For those of you who wish to contribute birth data to my research, please enter your information to my medical astrology research listed on my home page. This research is explicitly dealing with cancer and mental health – addiction illness. The focus is on early diagnosis and preventative medicine.
I want to stress how important it is to submit complete and accurate birth data – the time and place of birth.
The following are our 'Dear Eugenia' letters archive:
Dear Eugenia,
I am now in a love triangle. I tried to commit suicide but that didn't solve the problem. Please help me. You will be saving a life.
I had a happy family. Things changed when I met another man. He was single at that time and we fell in love quickly. Since I had a husband, I couldn't promise to marry him. One day, he told me that he had married a girl living in China. He went to China to meet this girl after seeing her photo and they got married. I was not informed until he came back to Taiwan. He apologized and explained that he did it for his family because he needed to pass on the generations. He cried and begged me to forgive him and asked me to wait for him for three years. He said that after their first child was born, no matter boy or girl, he would leave her. I promised and separated with my husband. After I have divorced, his daughter was born. But he said that his wife wanted to try for a boy. His attitude becomes cooler and cooler. He seldom contacts me. I discovered that he was tender and gentle to his wife. If I ask him, he will be rude to me. I beg him but he doesn't care for me any more.

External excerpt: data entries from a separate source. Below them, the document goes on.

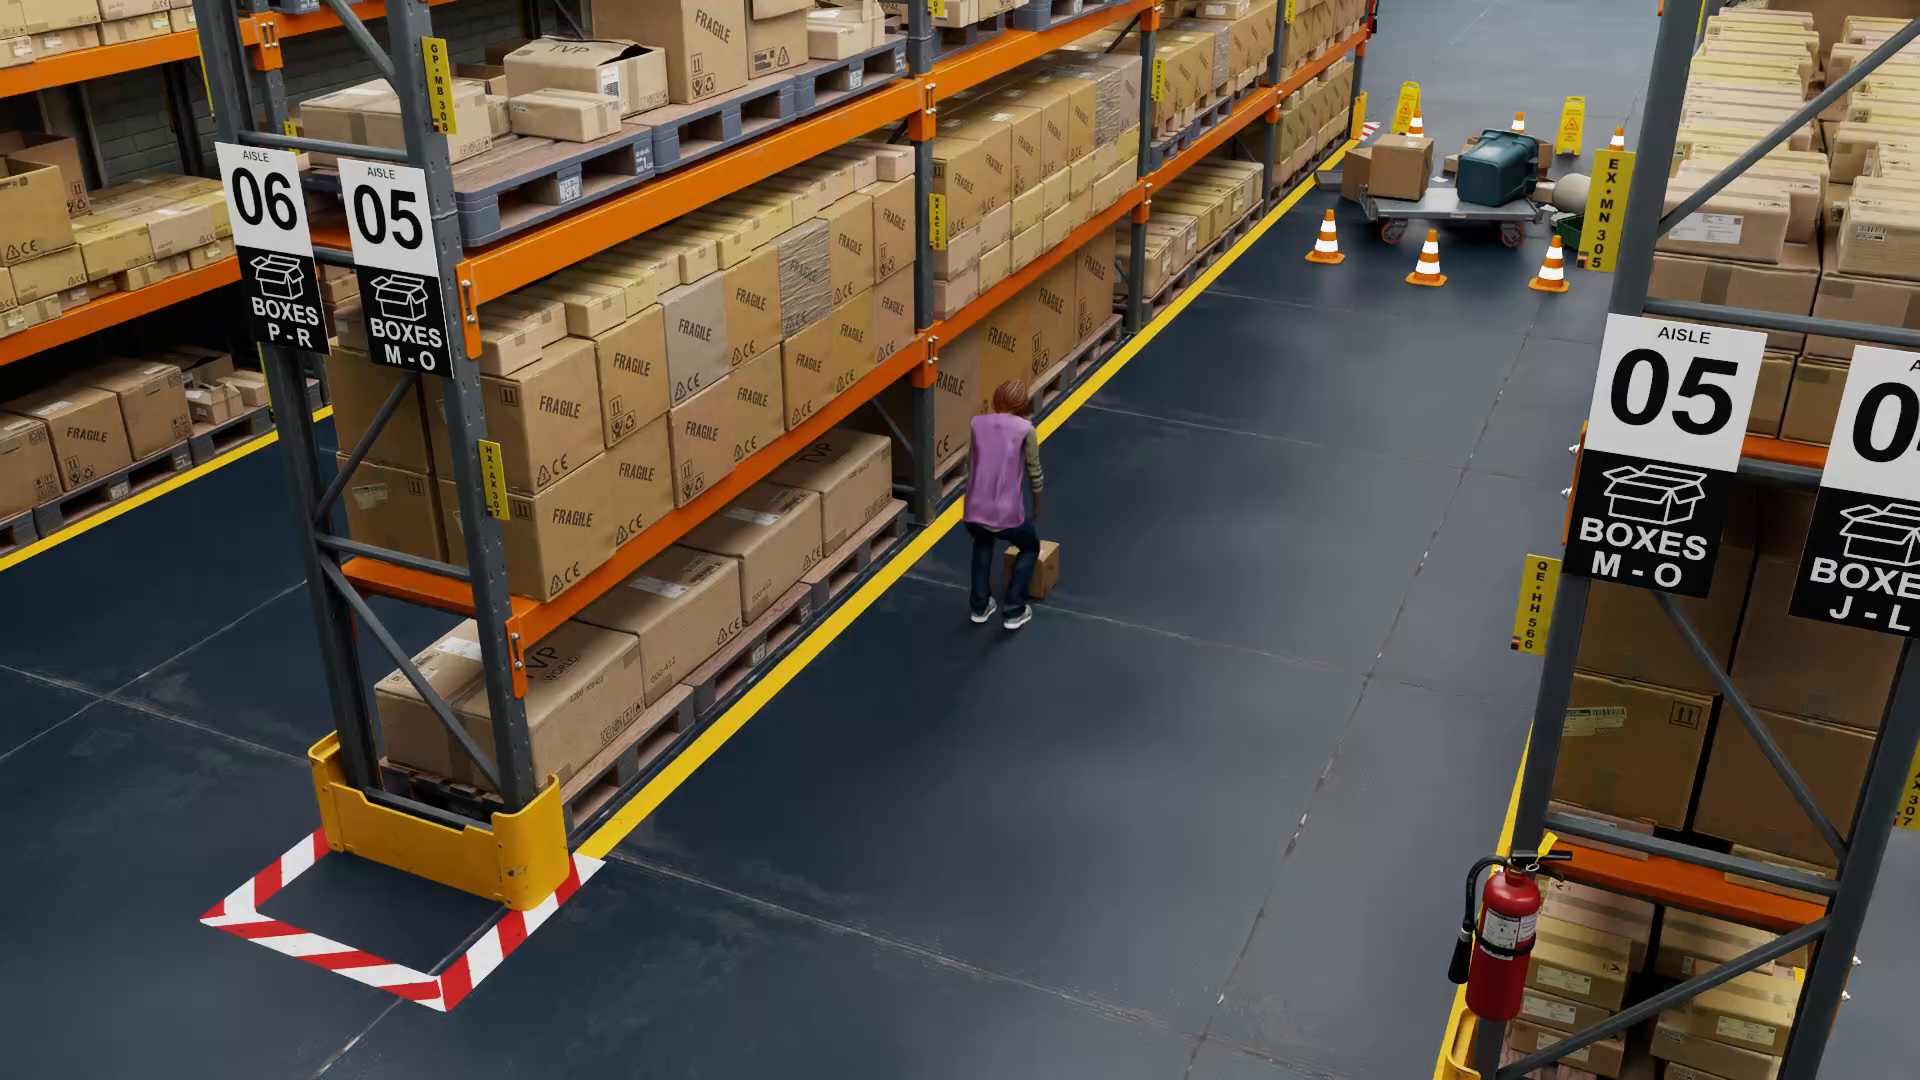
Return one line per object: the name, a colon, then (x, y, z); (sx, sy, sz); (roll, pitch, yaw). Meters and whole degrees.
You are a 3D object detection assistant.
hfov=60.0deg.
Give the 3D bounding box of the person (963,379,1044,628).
person: (0.213, -0.173, 9.247); (0.460, 1.361, 0.601); (12, 29, 22)
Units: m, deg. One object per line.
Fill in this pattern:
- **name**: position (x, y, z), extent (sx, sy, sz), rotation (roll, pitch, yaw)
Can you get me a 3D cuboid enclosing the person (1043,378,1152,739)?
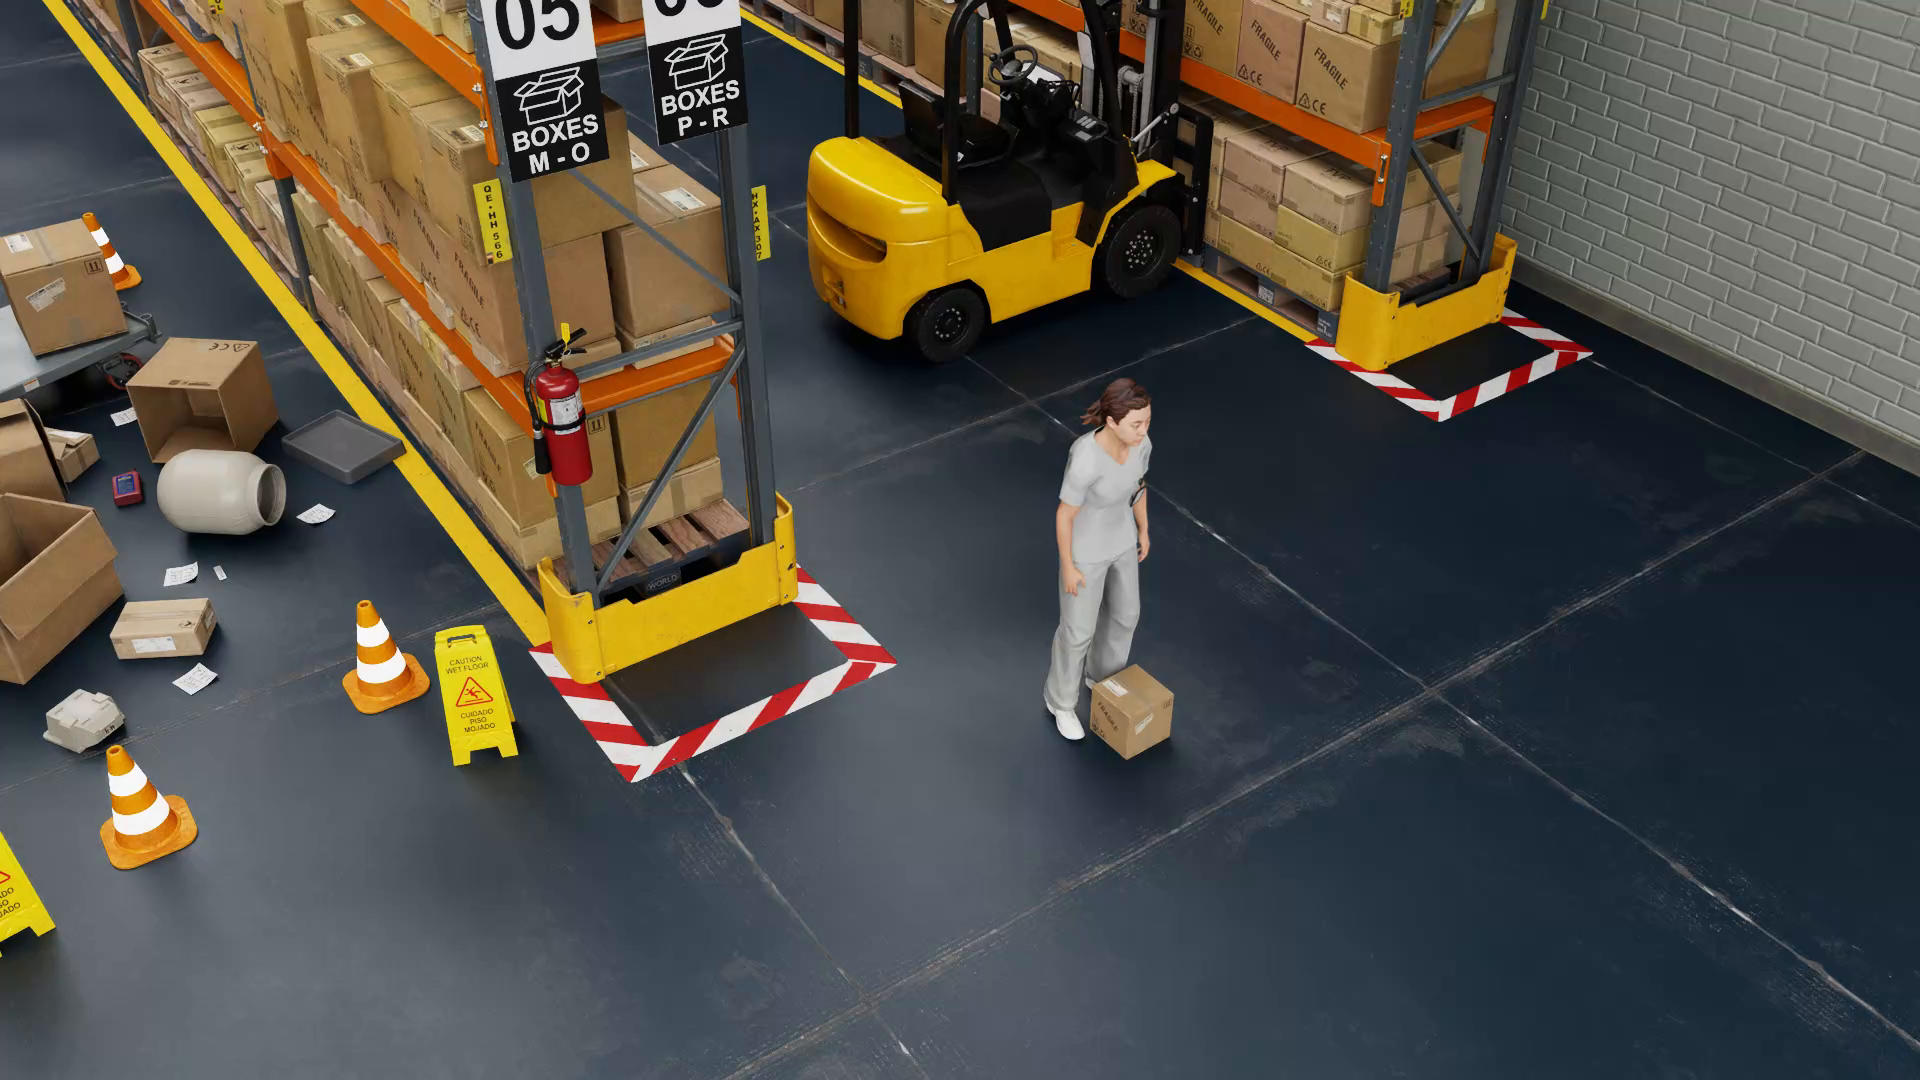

May I ask you a few questions:
1. Is he in love with his wife?
2. Who match him better? Me or his wife?
3. Will he be divorced in 2003 as he promised?
4. Will they have another baby?
5. I think they will be divorced in 2005-2006, do you think so?
6. Will we get together after his divorce?
7. Will we break up this year?
My dob: Aug 13, 1956 at 10:30am.
His dob: January 2, 1955 at 6:03pm.
His wife's dob: January 16, 1966 at 12 -13:00.
Please tell me the truth.
Desperate
Dear Desperate
I believe what has happened here is that your Capricorn man fully intended to do what he planned but didn't expect to fall in love with his wife in the process. Although you do match up to him well he does match up to his wife even better. In answer to your questions.
1. Yes he does love his wife
2. She matches up better
3. I do not believe that he will divorce her
4. Yes I believe that they will have another baby
5. I do not think so
6. I do not believe so
7. I think that you have probably are already broken up in his mind
Now back to you and what you should be doing. You are in a high cycle regarding love and romance over the course of the next year. I believe that you should be out meeting new people and getting on with your life. He may make an attempt to come back to you should he see that you are falling in love with someone else but even if he does he will not stay. You match up well to those born under the signs Aries, Cancer, Leo, Libra, Capricorn and Pisces. Please don't sit around and wait for this man. You are a victim of circumstance and you must move on.
Eugenia
Dear Eugenia,
I am suffering from a relationship and I feel the pain deep in my heart. I beg you, help me and give me advice.I was born on March 7, 1961 -A Pisces. He was born in November 21, 1952, a Scorpio.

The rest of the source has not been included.